• Data extracted from a collection:
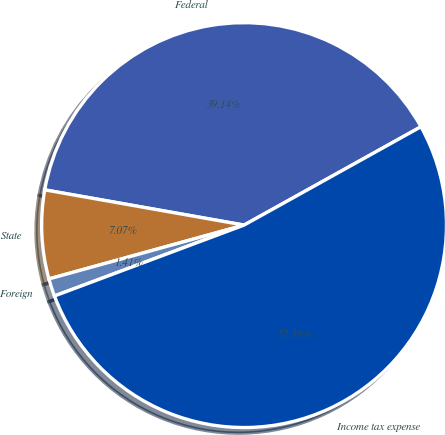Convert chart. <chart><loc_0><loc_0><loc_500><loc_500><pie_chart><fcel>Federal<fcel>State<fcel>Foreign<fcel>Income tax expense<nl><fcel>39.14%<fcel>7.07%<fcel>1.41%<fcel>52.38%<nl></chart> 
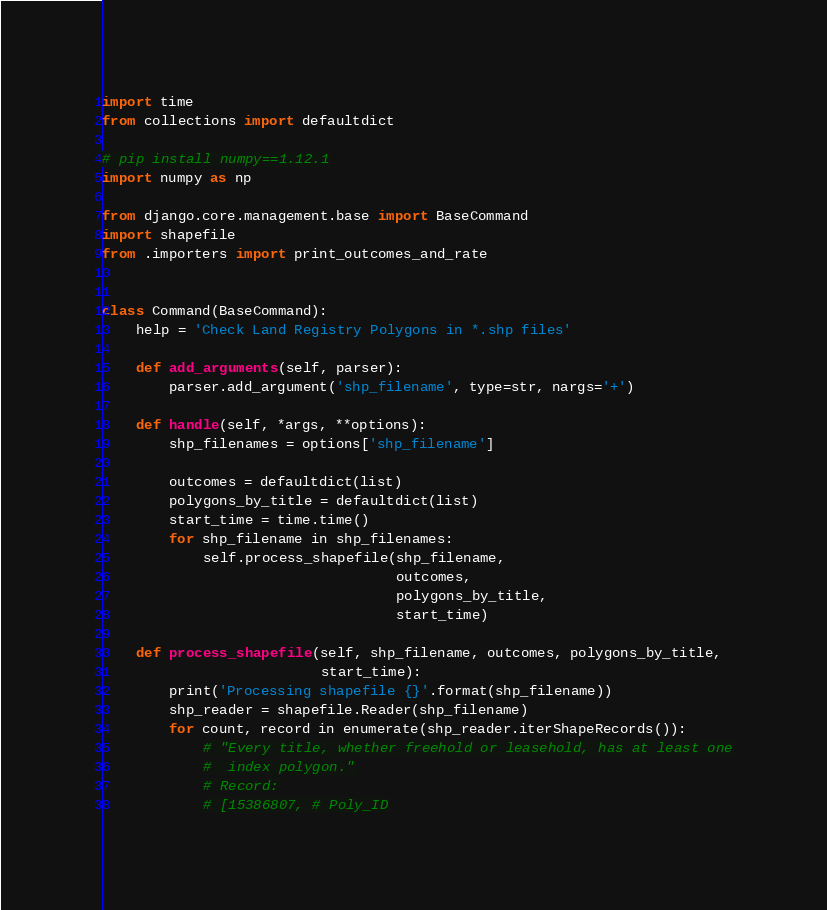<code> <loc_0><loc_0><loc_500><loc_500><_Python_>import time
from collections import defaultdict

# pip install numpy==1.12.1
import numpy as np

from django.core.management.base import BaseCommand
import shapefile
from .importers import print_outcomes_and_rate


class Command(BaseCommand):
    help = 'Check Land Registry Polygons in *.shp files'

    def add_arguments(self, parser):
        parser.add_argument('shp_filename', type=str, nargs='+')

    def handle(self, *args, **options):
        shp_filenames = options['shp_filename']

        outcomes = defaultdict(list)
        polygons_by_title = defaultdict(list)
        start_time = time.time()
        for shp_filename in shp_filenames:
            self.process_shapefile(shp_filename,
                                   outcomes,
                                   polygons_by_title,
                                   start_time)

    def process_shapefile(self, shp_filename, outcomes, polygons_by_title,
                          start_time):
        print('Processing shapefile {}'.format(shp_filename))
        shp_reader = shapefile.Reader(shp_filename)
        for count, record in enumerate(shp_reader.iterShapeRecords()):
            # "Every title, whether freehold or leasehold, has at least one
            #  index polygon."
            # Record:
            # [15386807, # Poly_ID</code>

• Assignment:
Include the first line of the records, the line containing "help = 'Check", and every line between them, repeated exactly. Skip the pictures.

• Response to this task:
Convert chart. <chart><loc_0><loc_0><loc_500><loc_500><pie_chart><fcel>Federal<fcel>State<fcel>Foreign<fcel>Income tax expense<nl><fcel>39.14%<fcel>7.07%<fcel>1.41%<fcel>52.38%<nl></chart> 
<code> <loc_0><loc_0><loc_500><loc_500><_Python_>import time
from collections import defaultdict

# pip install numpy==1.12.1
import numpy as np

from django.core.management.base import BaseCommand
import shapefile
from .importers import print_outcomes_and_rate


class Command(BaseCommand):
    help = 'Check Land Registry Polygons in *.shp files'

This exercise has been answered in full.